• **Directions for this task**:
Set the whole listing down again, word for word, with no pictures.

----

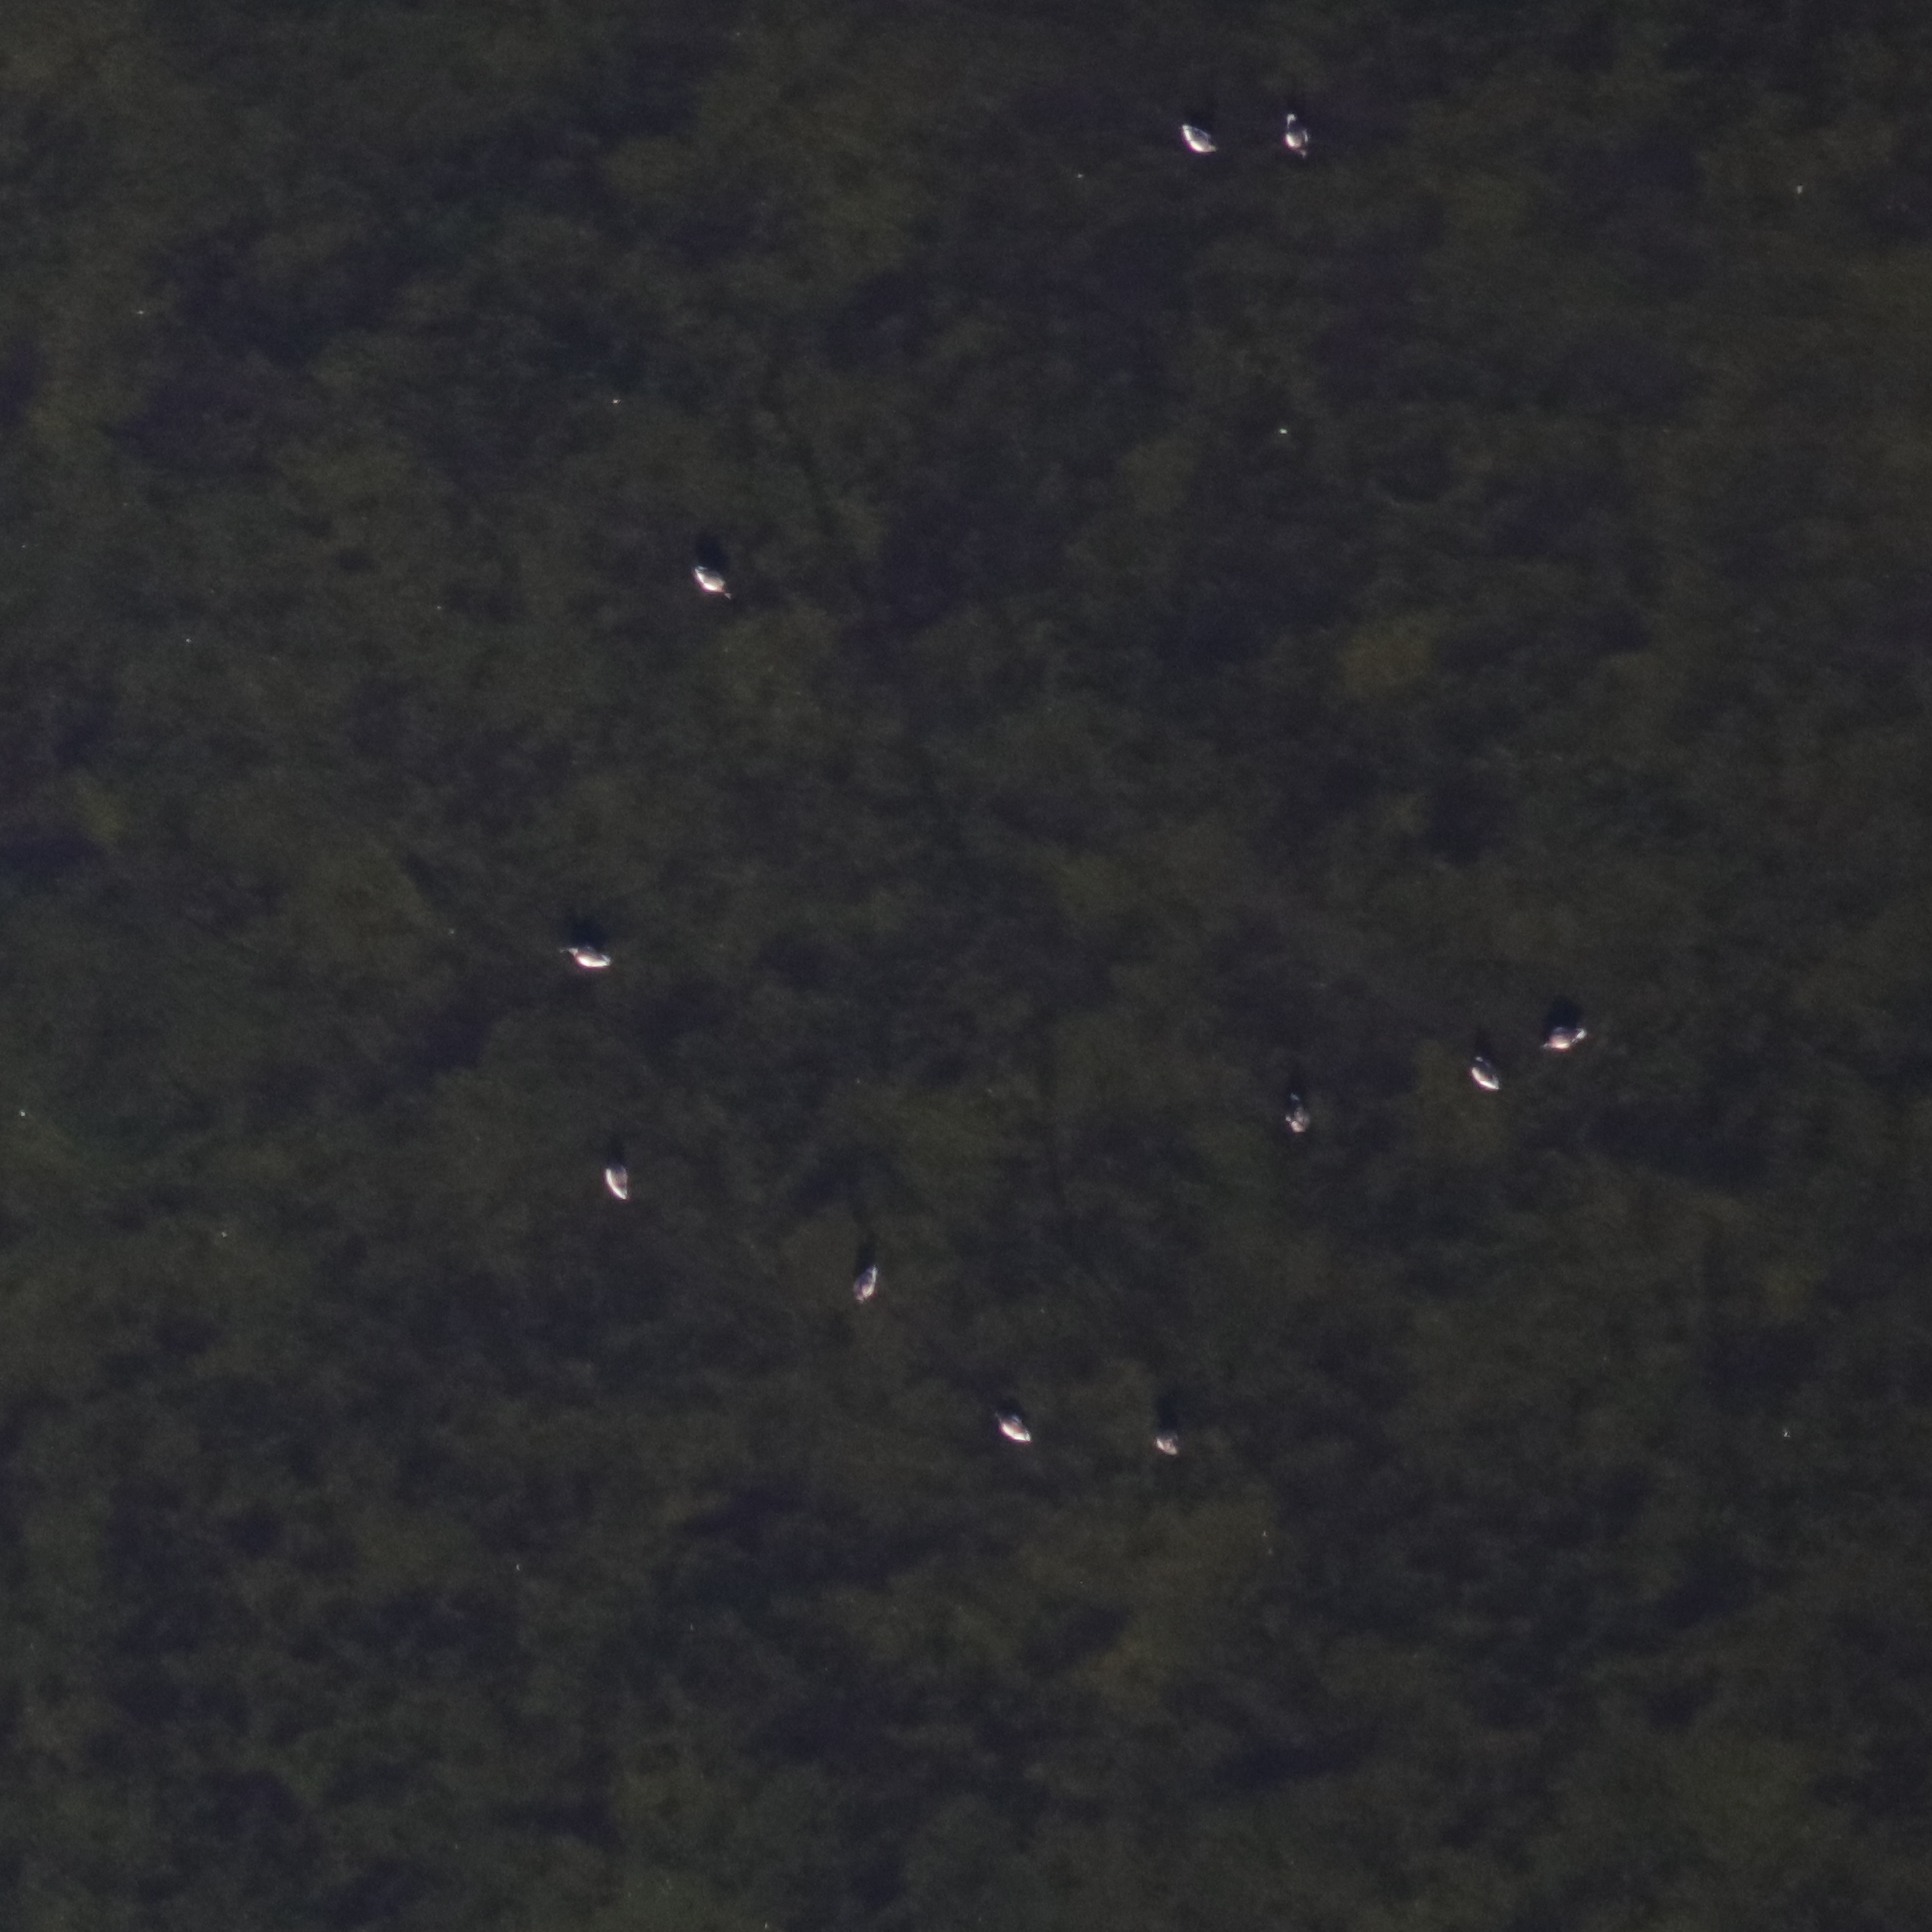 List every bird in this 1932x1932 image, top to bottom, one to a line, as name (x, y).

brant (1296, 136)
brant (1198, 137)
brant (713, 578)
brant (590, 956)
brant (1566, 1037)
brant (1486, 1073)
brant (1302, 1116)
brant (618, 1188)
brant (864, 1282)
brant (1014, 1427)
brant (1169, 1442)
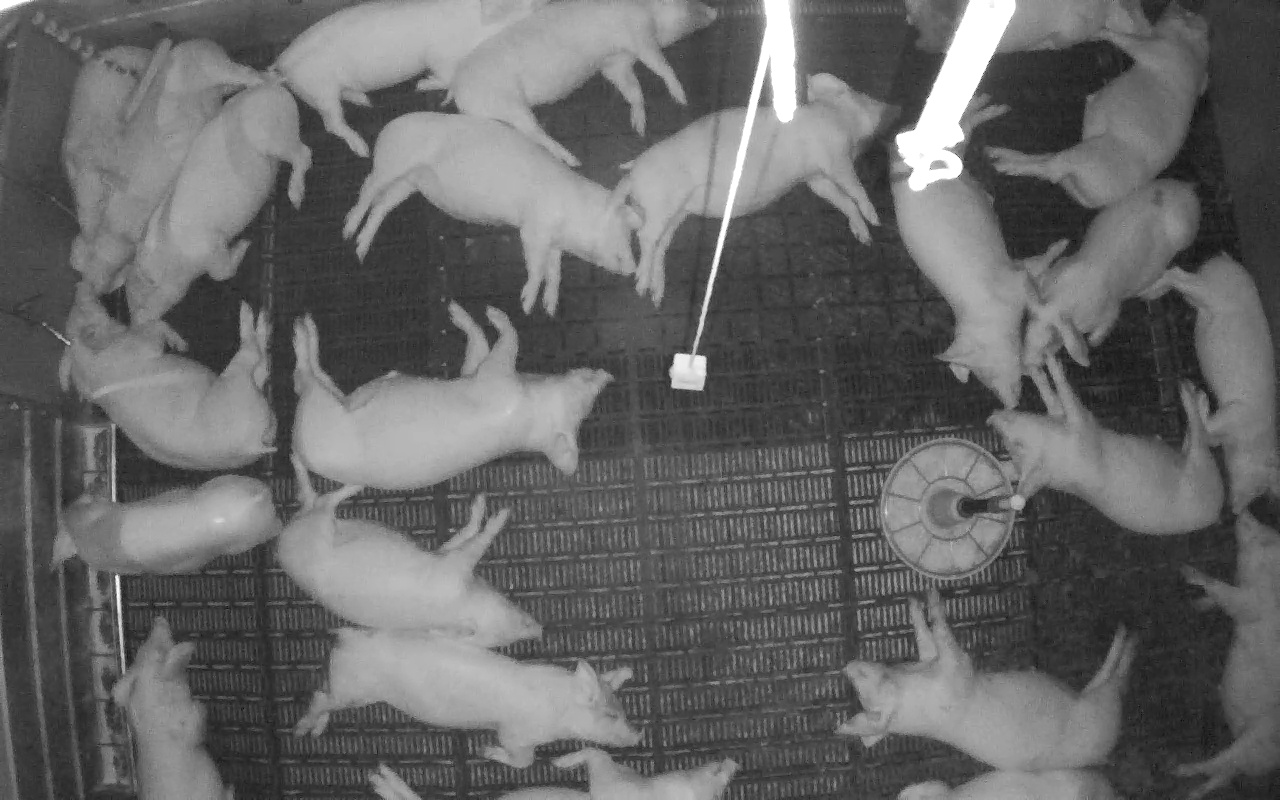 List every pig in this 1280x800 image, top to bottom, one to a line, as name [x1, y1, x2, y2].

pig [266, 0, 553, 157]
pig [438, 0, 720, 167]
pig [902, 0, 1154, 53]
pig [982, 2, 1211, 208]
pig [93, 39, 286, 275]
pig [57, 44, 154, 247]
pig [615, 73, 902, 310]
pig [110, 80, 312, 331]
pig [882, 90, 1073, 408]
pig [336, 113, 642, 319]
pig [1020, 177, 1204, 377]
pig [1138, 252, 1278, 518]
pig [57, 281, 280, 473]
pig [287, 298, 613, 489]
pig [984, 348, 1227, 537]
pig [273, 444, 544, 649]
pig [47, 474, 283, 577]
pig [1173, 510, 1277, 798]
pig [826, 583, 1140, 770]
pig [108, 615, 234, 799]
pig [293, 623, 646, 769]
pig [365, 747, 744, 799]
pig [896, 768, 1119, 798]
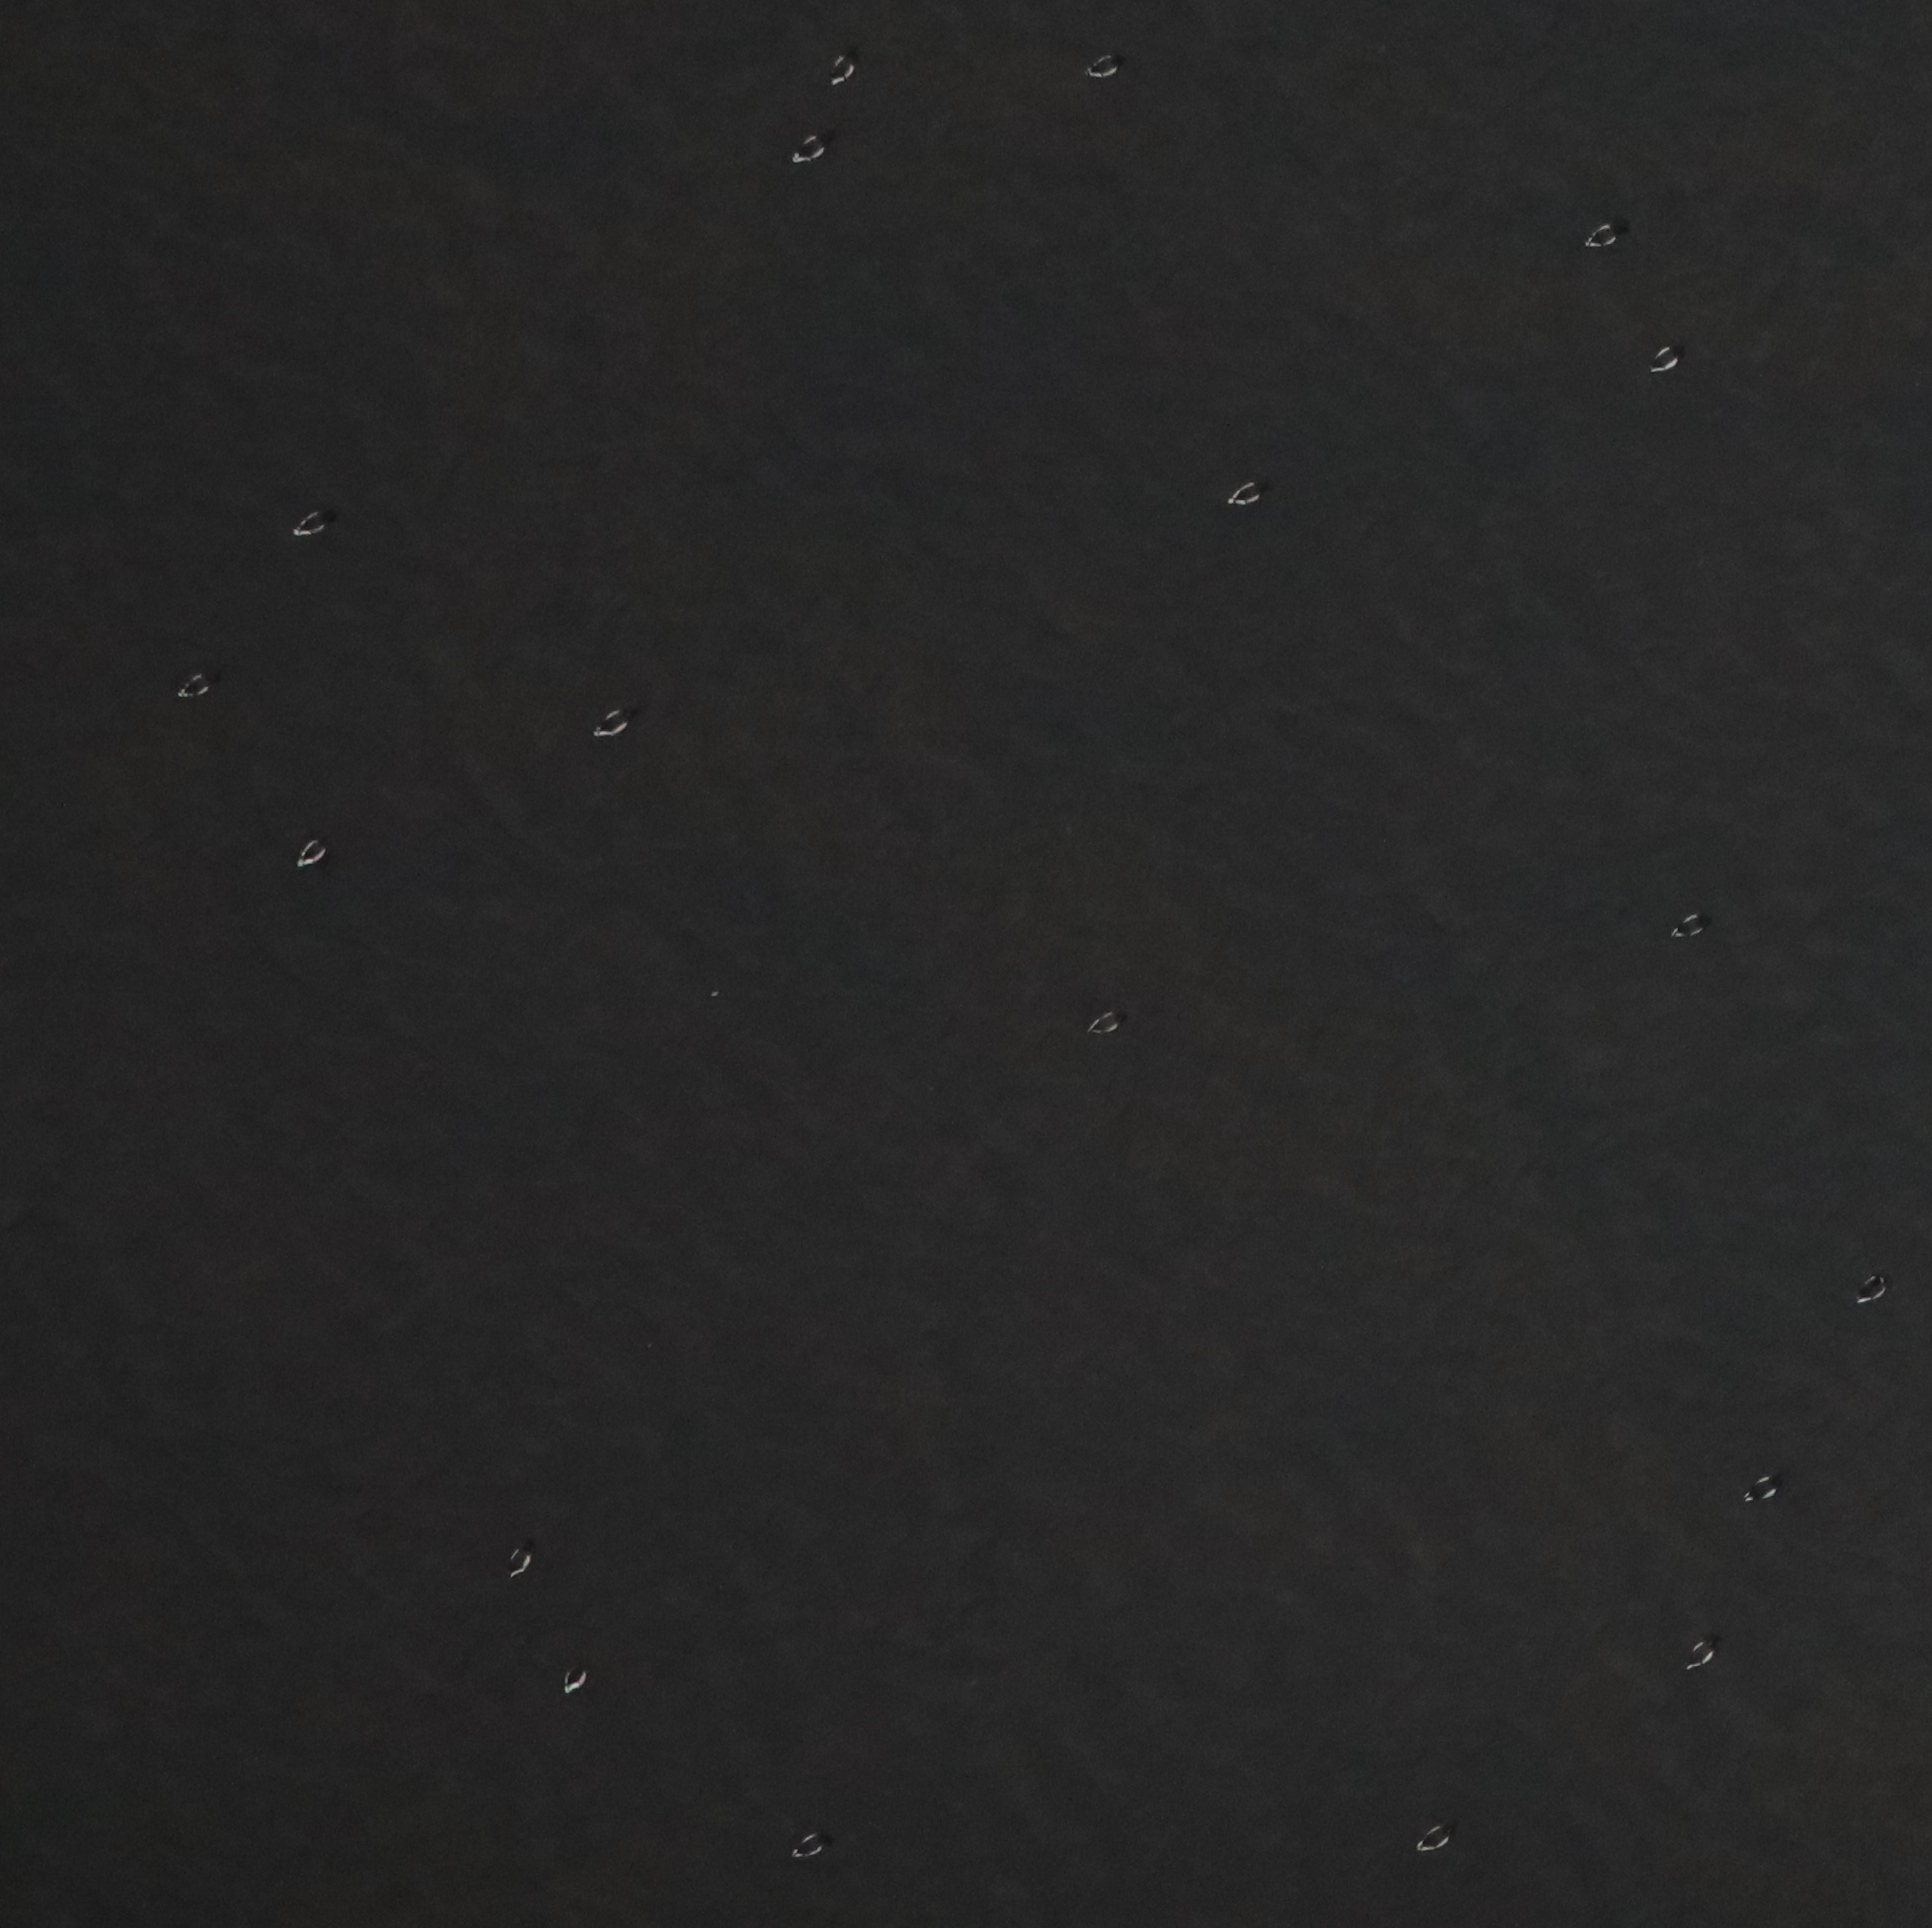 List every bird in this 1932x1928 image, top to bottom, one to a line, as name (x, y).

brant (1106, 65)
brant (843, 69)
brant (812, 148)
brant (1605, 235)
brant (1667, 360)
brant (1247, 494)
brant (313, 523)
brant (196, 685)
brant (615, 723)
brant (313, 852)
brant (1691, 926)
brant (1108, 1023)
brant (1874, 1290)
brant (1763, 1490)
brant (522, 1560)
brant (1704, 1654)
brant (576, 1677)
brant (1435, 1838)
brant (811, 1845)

----

• **Solution**:
 List every bird in this 1932x1932 image, top to bottom, one to a line, as name (x, y).

brant (1296, 136)
brant (1198, 137)
brant (713, 578)
brant (590, 956)
brant (1566, 1037)
brant (1486, 1073)
brant (1302, 1116)
brant (618, 1188)
brant (864, 1282)
brant (1014, 1427)
brant (1169, 1442)
 List every pig in this 1280x800 image, top to bottom, one to a line, as name [x1, y1, x2, y2].

pig [266, 0, 553, 157]
pig [438, 0, 720, 167]
pig [902, 0, 1154, 53]
pig [982, 2, 1211, 208]
pig [93, 39, 286, 275]
pig [57, 44, 154, 247]
pig [615, 73, 902, 310]
pig [110, 80, 312, 331]
pig [882, 90, 1073, 408]
pig [336, 113, 642, 319]
pig [1020, 177, 1204, 377]
pig [1138, 252, 1278, 518]
pig [57, 281, 280, 473]
pig [287, 298, 613, 489]
pig [984, 348, 1227, 537]
pig [273, 444, 544, 649]
pig [47, 474, 283, 577]
pig [1173, 510, 1277, 798]
pig [826, 583, 1140, 770]
pig [108, 615, 234, 799]
pig [293, 623, 646, 769]
pig [365, 747, 744, 799]
pig [896, 768, 1119, 798]
 List every bird in this 1932x1928 image, top to bottom, one to a line, as name (x, y).

brant (1106, 65)
brant (843, 69)
brant (812, 148)
brant (1605, 235)
brant (1667, 360)
brant (1247, 494)
brant (313, 523)
brant (196, 685)
brant (615, 723)
brant (313, 852)
brant (1691, 926)
brant (1108, 1023)
brant (1874, 1290)
brant (1763, 1490)
brant (522, 1560)
brant (1704, 1654)
brant (576, 1677)
brant (1435, 1838)
brant (811, 1845)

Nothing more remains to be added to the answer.